There could still be problems with income if you’re not tracking denial patterns. Your staff must track all claim denials, including the insurance that initially refused the claim, their reasoning, and the outcome. Next, you’ll examine the combination data to see if there are any patterns. If you experience denials because of coding errors by one or several payors, you’ll identify the matter and fix it.


What are the most common coding errors for ambulatory surgery?

  • ASC charges don’t correspond to the procedure performed.
  • Waiting for the surgical report to be completed before billing immediately.
  • A coding error involves coding based on the procedure headings instead of the particular surgical report.
  • Some procedures are billed the same even if they are different.
  • Open and arthroscopic techniques are reported as one procedure.

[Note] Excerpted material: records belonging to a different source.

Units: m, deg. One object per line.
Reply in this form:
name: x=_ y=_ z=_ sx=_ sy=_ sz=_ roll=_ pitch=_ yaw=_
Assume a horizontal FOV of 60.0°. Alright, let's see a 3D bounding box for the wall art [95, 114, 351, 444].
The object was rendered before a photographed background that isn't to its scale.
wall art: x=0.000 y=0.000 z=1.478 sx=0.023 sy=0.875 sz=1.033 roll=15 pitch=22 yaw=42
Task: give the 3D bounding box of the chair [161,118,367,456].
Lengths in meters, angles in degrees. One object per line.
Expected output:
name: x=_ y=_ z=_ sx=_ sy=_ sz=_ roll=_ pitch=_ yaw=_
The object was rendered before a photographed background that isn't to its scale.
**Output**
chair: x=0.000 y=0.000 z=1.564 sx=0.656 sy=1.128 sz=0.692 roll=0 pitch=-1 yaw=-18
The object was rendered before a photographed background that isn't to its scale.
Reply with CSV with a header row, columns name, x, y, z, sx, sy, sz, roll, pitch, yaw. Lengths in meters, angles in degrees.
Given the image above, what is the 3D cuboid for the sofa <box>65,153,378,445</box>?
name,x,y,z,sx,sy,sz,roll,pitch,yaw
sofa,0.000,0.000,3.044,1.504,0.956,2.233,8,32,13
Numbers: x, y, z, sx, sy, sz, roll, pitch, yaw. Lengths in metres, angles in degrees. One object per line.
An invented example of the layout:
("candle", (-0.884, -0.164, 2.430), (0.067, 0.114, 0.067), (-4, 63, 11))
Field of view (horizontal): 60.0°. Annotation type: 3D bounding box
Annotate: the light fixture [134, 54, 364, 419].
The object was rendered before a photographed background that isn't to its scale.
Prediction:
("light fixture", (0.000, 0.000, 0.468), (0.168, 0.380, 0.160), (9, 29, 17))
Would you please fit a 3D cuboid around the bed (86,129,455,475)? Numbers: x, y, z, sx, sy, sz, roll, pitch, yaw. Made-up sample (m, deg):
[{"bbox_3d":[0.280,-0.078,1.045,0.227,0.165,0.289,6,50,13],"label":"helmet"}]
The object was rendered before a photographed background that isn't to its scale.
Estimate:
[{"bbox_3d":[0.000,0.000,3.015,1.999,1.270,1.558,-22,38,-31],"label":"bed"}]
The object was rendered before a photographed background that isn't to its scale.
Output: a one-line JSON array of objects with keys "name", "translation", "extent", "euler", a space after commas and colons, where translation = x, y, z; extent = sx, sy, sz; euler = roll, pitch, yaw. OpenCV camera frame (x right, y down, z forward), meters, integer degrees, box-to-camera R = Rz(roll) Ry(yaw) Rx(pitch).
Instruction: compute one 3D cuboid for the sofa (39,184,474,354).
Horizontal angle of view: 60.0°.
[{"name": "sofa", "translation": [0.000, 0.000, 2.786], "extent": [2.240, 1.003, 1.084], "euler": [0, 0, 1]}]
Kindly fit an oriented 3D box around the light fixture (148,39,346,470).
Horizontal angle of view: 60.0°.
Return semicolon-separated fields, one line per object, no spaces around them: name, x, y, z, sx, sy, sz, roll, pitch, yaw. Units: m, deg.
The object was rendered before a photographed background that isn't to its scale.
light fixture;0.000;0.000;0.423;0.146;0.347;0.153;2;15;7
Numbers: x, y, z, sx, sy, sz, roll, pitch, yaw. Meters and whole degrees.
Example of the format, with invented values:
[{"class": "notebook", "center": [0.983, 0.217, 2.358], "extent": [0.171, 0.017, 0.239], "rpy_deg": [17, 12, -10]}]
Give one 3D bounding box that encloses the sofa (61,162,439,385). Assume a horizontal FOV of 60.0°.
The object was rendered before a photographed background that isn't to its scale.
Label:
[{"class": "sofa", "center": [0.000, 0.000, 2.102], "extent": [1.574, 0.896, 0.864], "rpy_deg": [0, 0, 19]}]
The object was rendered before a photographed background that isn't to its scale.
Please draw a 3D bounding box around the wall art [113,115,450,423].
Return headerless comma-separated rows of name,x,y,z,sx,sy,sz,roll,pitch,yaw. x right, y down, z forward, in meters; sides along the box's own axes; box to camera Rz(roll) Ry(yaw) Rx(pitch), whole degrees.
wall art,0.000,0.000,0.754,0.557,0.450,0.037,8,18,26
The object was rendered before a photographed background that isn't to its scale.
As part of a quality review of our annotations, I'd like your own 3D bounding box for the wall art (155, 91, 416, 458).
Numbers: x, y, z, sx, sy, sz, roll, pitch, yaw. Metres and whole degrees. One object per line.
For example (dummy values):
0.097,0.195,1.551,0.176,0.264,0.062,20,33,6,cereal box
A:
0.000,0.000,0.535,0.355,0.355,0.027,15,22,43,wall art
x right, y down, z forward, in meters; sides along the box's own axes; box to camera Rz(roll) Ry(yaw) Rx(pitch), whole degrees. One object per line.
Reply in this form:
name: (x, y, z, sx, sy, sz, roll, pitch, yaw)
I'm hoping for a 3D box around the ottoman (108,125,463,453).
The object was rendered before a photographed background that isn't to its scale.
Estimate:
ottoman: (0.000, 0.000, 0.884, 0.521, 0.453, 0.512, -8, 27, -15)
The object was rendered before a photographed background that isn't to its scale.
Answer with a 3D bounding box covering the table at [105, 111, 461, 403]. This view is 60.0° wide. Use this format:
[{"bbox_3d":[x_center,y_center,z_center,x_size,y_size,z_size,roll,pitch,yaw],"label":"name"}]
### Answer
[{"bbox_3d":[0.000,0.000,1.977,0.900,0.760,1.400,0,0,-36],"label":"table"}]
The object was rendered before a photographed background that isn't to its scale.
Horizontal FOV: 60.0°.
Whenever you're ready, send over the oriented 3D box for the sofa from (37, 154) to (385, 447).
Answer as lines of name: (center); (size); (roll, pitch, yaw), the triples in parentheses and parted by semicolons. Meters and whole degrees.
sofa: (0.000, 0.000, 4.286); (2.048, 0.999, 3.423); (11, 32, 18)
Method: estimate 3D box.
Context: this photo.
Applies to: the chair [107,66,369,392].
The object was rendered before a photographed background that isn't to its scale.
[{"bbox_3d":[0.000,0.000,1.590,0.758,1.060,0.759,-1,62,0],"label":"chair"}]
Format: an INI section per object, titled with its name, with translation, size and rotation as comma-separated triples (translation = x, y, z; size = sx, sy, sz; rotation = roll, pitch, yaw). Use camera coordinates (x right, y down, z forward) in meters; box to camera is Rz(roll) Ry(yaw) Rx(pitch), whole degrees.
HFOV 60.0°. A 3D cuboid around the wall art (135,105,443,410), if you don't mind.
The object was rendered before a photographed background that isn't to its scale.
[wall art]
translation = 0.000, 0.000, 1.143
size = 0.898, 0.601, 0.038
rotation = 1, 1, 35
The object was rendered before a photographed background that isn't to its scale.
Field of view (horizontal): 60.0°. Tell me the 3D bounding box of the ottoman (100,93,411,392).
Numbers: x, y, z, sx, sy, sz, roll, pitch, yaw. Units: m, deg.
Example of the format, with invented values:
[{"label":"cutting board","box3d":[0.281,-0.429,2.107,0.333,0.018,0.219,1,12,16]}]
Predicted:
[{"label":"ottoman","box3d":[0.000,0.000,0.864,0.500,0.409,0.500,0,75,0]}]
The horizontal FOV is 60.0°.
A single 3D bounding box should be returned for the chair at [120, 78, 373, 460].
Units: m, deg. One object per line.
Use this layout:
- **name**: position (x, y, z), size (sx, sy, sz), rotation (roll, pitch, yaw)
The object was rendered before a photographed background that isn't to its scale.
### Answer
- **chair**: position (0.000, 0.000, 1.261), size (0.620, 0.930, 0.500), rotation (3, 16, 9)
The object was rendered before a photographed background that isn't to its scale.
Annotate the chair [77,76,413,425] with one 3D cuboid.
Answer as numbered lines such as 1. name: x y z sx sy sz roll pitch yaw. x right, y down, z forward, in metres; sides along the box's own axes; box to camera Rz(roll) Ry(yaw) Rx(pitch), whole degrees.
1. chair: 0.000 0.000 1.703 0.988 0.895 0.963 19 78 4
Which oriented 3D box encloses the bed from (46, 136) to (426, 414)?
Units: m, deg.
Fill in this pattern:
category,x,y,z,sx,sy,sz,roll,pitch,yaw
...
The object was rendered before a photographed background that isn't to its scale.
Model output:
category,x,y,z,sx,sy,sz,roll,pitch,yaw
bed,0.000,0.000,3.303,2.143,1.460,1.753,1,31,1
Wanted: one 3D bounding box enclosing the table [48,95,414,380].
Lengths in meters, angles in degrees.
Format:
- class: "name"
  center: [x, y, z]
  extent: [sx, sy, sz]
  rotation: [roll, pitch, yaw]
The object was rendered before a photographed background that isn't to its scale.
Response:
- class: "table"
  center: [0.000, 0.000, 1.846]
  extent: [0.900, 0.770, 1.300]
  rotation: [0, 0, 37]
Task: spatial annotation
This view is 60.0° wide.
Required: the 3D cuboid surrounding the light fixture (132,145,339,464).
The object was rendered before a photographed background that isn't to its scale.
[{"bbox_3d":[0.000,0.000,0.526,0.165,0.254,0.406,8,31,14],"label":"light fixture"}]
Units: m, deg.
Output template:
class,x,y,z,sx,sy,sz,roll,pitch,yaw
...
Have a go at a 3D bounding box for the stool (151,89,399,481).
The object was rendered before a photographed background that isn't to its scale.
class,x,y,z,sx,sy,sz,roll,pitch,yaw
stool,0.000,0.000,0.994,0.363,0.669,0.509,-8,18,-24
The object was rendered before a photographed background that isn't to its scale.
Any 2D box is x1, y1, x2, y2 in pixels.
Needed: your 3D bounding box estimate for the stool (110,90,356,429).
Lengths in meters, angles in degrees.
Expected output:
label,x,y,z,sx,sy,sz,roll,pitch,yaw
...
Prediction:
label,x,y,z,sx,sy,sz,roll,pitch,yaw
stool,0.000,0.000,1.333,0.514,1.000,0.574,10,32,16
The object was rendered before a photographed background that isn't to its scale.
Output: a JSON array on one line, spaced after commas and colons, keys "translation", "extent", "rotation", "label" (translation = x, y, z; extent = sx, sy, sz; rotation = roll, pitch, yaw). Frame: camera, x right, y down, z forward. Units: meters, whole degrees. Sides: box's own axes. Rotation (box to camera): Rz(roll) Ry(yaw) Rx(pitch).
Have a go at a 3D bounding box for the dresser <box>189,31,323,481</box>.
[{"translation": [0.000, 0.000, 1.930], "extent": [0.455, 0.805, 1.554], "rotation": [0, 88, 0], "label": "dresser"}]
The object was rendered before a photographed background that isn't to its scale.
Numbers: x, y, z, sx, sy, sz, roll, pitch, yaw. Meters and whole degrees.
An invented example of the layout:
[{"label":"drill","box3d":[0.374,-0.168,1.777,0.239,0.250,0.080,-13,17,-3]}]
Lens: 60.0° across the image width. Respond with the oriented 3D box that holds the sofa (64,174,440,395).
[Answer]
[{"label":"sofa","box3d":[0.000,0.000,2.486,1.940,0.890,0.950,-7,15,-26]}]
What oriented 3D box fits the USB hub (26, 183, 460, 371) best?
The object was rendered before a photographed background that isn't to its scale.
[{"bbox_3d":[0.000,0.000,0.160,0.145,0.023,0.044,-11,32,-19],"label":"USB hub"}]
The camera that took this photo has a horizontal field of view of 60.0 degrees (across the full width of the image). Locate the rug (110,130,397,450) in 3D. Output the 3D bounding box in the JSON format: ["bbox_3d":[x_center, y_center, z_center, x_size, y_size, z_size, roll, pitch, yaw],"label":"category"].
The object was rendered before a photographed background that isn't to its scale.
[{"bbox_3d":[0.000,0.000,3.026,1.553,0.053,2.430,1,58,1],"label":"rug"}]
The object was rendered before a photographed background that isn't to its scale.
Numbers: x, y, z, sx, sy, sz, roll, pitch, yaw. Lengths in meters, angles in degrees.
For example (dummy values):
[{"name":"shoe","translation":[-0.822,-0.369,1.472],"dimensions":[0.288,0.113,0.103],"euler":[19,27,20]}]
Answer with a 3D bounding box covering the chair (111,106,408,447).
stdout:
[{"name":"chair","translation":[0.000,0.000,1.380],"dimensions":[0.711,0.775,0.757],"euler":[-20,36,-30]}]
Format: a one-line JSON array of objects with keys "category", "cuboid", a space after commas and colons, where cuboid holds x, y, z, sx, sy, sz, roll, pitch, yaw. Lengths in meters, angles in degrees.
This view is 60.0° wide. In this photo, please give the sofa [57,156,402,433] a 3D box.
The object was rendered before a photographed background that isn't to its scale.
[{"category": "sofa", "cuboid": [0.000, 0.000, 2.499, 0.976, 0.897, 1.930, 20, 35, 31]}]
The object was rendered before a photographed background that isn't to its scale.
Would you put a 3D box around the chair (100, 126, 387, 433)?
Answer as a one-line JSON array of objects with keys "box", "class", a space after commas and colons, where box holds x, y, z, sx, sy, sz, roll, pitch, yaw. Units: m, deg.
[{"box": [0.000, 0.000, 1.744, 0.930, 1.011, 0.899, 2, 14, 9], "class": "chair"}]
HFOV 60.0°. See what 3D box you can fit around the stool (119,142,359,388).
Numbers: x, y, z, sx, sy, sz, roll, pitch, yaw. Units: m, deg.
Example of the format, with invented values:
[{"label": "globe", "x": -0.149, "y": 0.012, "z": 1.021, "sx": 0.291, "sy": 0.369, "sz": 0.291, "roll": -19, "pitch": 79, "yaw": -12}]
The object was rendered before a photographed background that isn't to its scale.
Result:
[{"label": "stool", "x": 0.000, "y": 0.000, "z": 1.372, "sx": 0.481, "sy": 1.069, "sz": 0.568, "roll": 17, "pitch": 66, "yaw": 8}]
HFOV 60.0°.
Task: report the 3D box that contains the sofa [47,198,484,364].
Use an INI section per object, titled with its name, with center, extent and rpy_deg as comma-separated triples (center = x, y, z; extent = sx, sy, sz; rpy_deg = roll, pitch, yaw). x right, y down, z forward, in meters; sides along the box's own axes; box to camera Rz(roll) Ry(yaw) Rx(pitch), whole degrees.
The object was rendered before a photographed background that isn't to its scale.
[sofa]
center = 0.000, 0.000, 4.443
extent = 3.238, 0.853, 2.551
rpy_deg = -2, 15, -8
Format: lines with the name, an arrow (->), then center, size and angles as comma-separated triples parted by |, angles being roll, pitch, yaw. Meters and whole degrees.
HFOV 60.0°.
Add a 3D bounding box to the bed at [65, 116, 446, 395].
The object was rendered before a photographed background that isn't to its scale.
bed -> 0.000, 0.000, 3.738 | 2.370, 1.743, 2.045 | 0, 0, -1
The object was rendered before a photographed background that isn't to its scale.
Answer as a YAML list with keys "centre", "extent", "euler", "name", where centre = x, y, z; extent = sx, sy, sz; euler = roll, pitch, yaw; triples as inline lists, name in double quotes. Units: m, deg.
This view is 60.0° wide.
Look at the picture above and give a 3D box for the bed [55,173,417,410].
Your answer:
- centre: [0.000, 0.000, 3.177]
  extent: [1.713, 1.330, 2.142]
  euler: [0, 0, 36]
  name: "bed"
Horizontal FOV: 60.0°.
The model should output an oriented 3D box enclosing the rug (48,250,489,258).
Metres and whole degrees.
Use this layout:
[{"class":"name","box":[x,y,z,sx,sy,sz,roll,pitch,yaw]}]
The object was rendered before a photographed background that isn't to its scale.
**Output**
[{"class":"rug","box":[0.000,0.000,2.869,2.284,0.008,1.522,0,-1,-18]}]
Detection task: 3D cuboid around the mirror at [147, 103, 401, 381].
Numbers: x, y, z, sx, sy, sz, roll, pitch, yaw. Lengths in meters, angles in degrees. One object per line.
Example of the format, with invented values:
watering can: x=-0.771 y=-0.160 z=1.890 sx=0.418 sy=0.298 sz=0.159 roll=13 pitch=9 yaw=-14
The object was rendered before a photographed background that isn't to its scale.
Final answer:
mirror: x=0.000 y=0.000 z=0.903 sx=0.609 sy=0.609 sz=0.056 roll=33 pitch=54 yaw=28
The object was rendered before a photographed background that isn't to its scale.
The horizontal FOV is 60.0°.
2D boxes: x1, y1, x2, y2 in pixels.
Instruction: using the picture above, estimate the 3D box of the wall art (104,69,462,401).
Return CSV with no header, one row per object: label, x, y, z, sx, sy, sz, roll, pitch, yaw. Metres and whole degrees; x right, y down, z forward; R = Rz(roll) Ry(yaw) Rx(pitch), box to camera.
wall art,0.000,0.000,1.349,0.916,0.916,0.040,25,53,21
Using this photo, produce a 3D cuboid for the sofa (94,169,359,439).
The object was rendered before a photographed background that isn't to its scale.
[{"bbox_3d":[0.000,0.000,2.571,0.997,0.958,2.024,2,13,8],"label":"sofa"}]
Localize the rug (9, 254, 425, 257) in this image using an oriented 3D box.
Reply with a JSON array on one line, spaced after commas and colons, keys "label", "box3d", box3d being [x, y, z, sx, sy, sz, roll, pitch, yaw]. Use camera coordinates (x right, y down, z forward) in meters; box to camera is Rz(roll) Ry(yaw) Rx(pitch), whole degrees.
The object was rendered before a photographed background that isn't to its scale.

What are the essential coding and billing for ASC charges?

Here are a few coding and billing basics for ASCs:

  • Anesthesia services by the operating surgeon are examples of packaged services that are not “pass-through” supplies. Examples of “packaged” services include surgical cloths, splints, casts, associated materials, and anesthesiologist supervision.
  • ASCs use a combination of physician and hospital billing, employing CPT and HCPCS codes.
  • Pacemaker insertion is covered as part of the ASC, but not separately. In the procedure code, the cost will be included as one line item. According to the Medicare Physician Fee Schedule, most ASCs are not allowed to charge their services based on their allowable code.
  • Only a few insurance companies permit ambulatory surgical billing to use ICD-10 procedure codes, just as hospitals do.
  • Medicare wants to have ambulatory surgical billing done electronically using the CMS-1500 form, while most other insurance companies use the UB92 form.


How does the CMS define an ambulatory surgical center?

  • The CMS guidelines describe ASCs as a distinct organization that offers surgical services exclusively to
  • Medicare-certified hospitals can operate provider-based departments within hospitals or ASCs.
  • ASCs must sign a participating provider agreement with the Centers for Medicare & Medicaid Services (CMS) to receive Medicare payments.
  • CMS wants to introduce a “bed-less hospital” with most outpatient services to cut costs.
  • In addition, patients will recover at home while still communicating with providers via digital means after same-day surgery.


What are some modifiers utilized in ASC billing?

  • Modifier 74 – an indication that anesthesia was terminated after it was induced.
  • This Modifier 76 is an indication that a physician repeated a procedure after the initial one was completed.
  • To decide for Surgery- Modifier 57
  • Modifier 59 – identified procedures or services, aside from E/M services CPT Modifier 77 – a report on repeated procedures by another physician.